In the first part, generative models are designed to learn generalized representation for images under Zero-Shot Learning (ZSL) setting. An attribute conditioned variational autoencoder is introduced, representing each class as a latent-space distribution and enabling learning highly discriminative and robust feature representations. It endows the generative model discriminative power by choosing one class that maximize the variational lower bound. I further show that the model can be naturally generalized to transductive and few-shot setting.
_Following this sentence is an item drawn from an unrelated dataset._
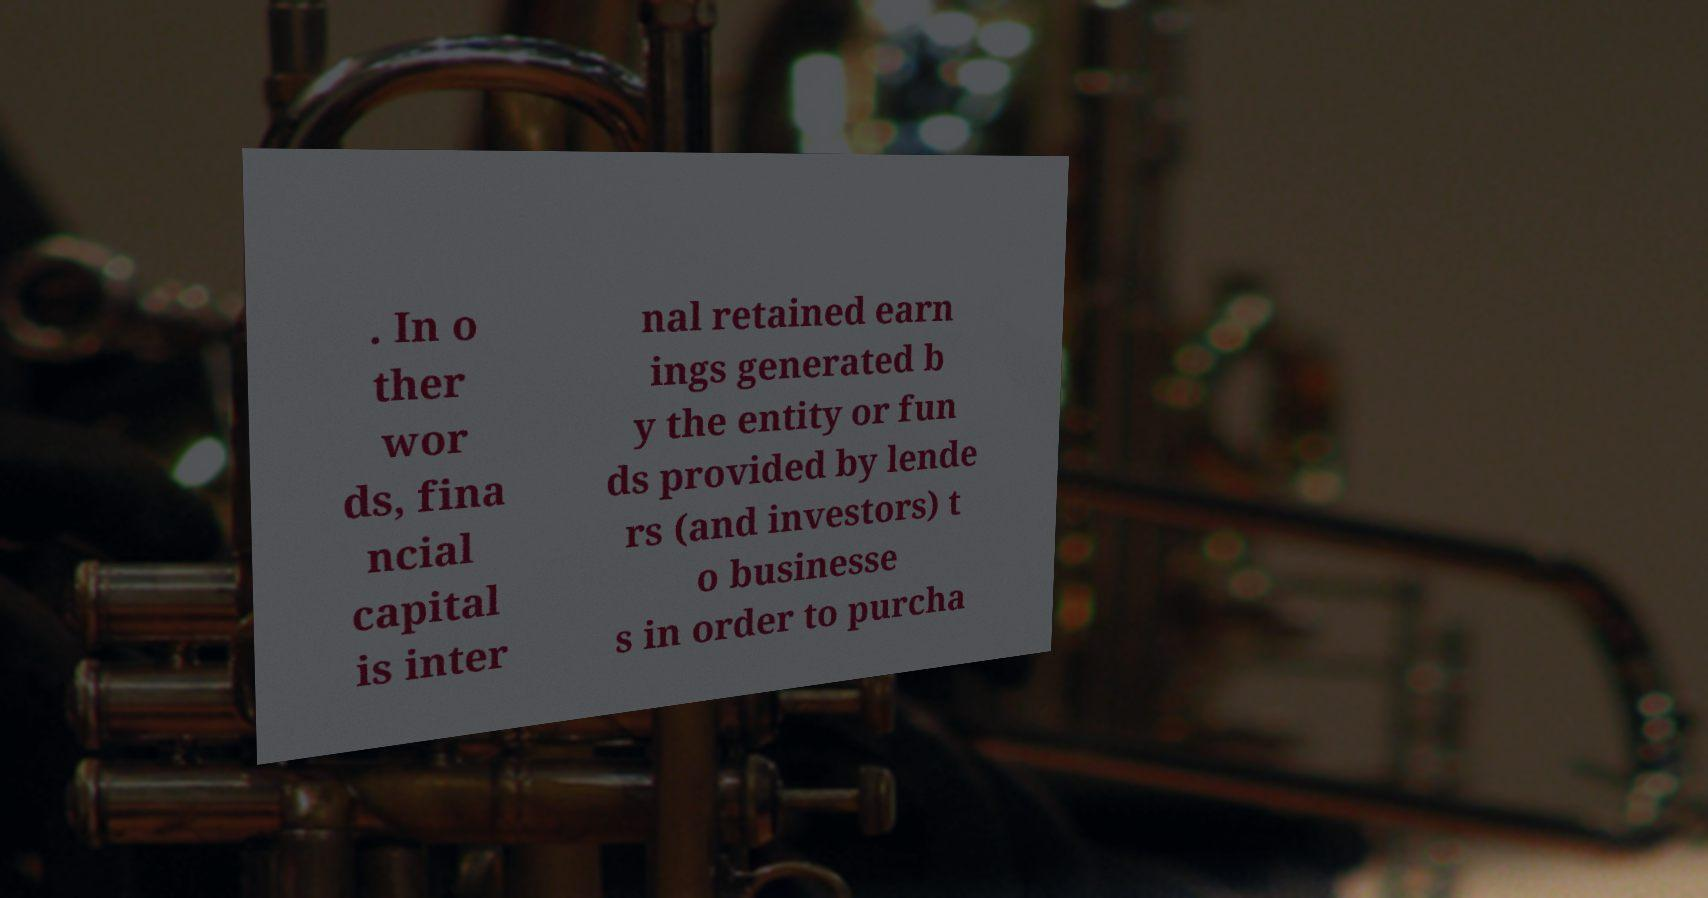What messages or text are displayed in this image? I need them in a readable, typed format. . In o ther wor ds, fina ncial capital is inter nal retained earn ings generated b y the entity or fun ds provided by lende rs (and investors) t o businesse s in order to purcha 
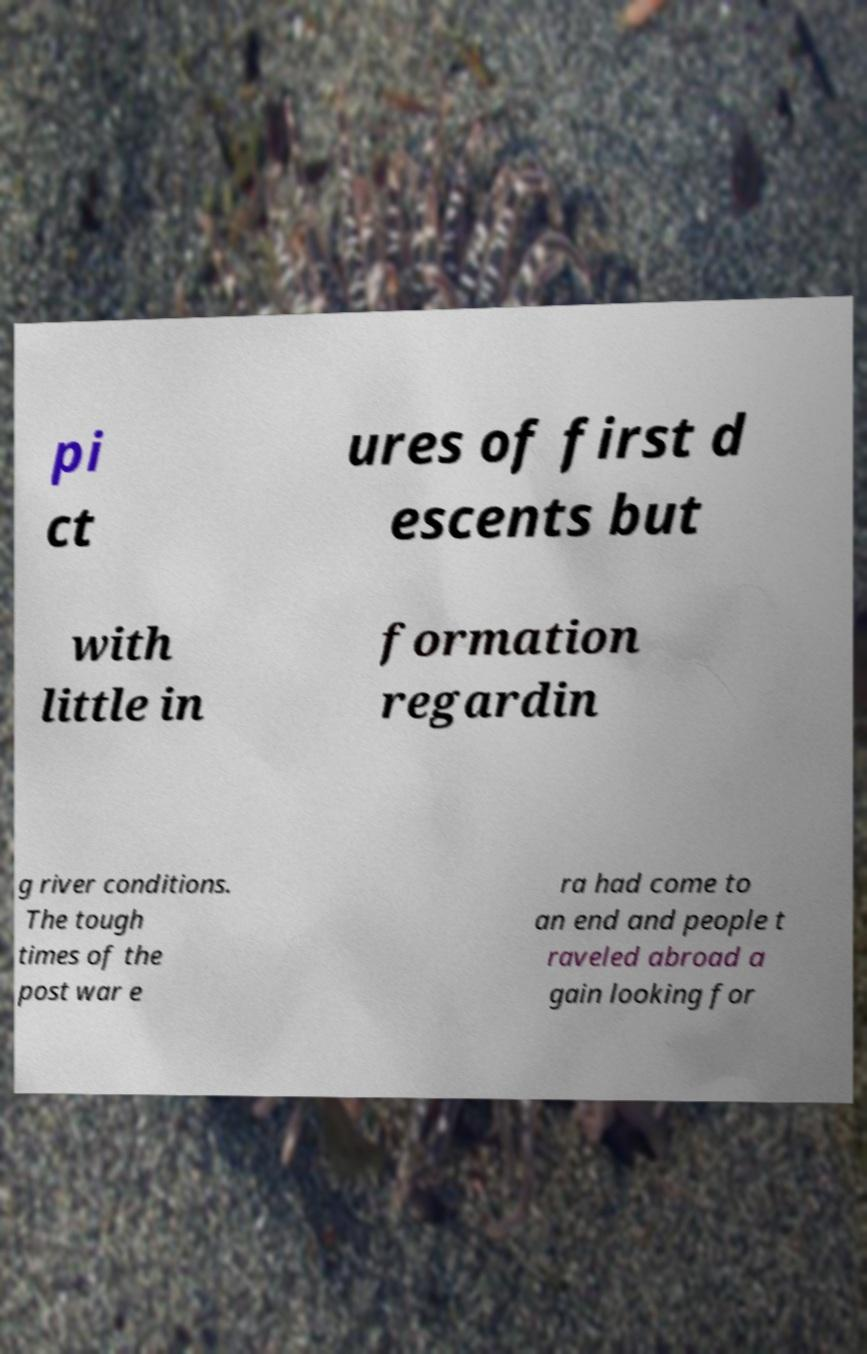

In the second part, generative models are proposed for controllable language generation. Specifically, two types of topic enrolled language generation models have been proposed. The first introduces a topic compositional neural language model for controllable and interpretable language generation via a mixture-of-expert model design. While the second solve the problem via a VAE framework with a topic-conditioned GMM model design. Both of the two models have boosted the performance of existing language generation systems with controllable properties.
In the third part, generative models are introduced for the broaden graph data. First, a variational homophilic embedding (VHE) model is proposed. It is a fully generative model that learns network embeddings by modeling the textual semantic information with a variational autoencoder, while accounting for the graph structure information through a homophilic prior design. Secondly, for the heterogeneous multi-task learning, a novel graph-driven generative model is developed to unifies them into the same framework. It combines graph convolutional network (GCN) with multiple VAEs, thus embedding the nodes of graph in a uniform manner while specializing their organization and usage to different tasks.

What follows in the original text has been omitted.